Smallest Substring Containing

Category

Strings

Difficulty

Hard

Problem Statement

Given a big string and a small string, find the smallest substring of the big string that contains all the characters of the small string. Characters can appear in any order, and if a character appears multiple times in the small string, it must appear at least that many times in the substring.

Intuition

This is the classic minimum window substring problem. We use a sliding window with two pointers. The window expands by moving the right pointer to include more characters, and contracts by moving the left pointer to try to minimize the window size. We maintain a character frequency map to track how many required characters are currently in the window.

Approach

1. Build a frequency map of the small string characters.
2. Initialize two pointers left = 0, right = 0, a counter matched = 0 tracking how many unique characters are fully satisfied, and variables for the best window.
3. Expand the window by moving right: a. If the character at right is in the frequency map, decrement its required count. If the count reaches 0, increment matched.
4. While matched equals the number of unique characters in the small string: a. Update the best window if the current window is smaller. b. Try to shrink from the left: if the character at left is in the frequency map, increment its required count. If the count becomes positive, decrement matched. c. Move left right.
5. Return the best window substring.

Pseudocode

function smallestSubstringContaining(bigString, smallString):
    targetCounts = frequency map of smallString
    uniqueChars = number of distinct keys in targetCounts
    windowCounts = {}
    matched = 0
    bestRange = [0, infinity]
    left = 0

    for right from 0 to length(bigString) - 1:
        char = bigString[right]
        if char in targetCounts:
            windowCounts[char] = windowCounts.get(char, 0) + 1
            if windowCounts[char] == targetCounts[char]:
                matched++

        while matched == uniqueChars:
            if right - left < bestRange[1] - bestRange[0]:
                bestRange = [left, right]

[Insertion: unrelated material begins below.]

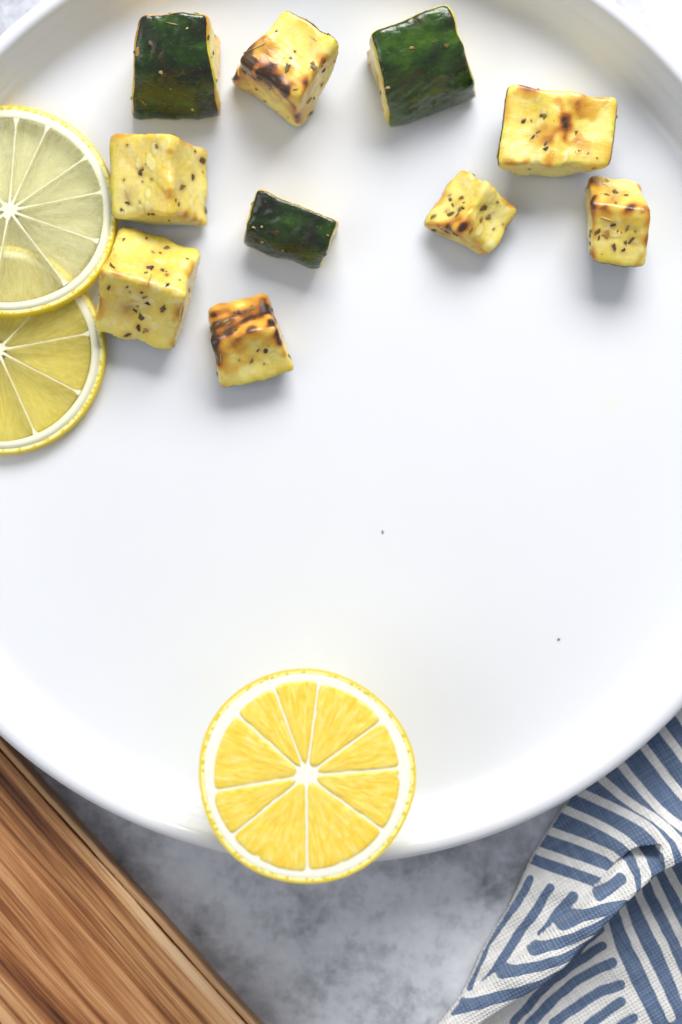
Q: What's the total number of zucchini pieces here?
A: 10

            leftChar = bigString[left]
            if leftChar in targetCounts:
                windowCounts[leftChar]--
                if windowCounts[leftChar] < targetCounts[leftChar]:
                    matched--
            left++

    if bestRange[1] == infinity:
        return ""

    return bigString[bestRange[0] : bestRange[1] + 1]

Time & Space Complexity

• Time: O(b + s) where b is the length of the big string and s is the length of the small string. Each character is visited at most twice (once by right, once by left).
• Space: O(s + u) where s is for the target frequency map and u is the number of unique characters in the window map.

Key Insights

• Tracking matched (the count of fully satisfied unique characters) avoids rechecking the entire frequency map at each step, making the solution efficient.
• The window only contracts when all characters are satisfied, ensuring we do not miss valid windows.
• This is a template for many sliding window problems involving "contain all" or "at least k" character constraints.

Edge Cases

• Small string is empty: return an empty string.
• Big string is shorter than small string: return an empty string.
• No valid window exists: return an empty string.
• Small string has duplicate characters: the frequency map naturally handles this.
• Multiple windows of the same minimum size: return any one (typically the first found).
• Small string equals big string: return the entire big string.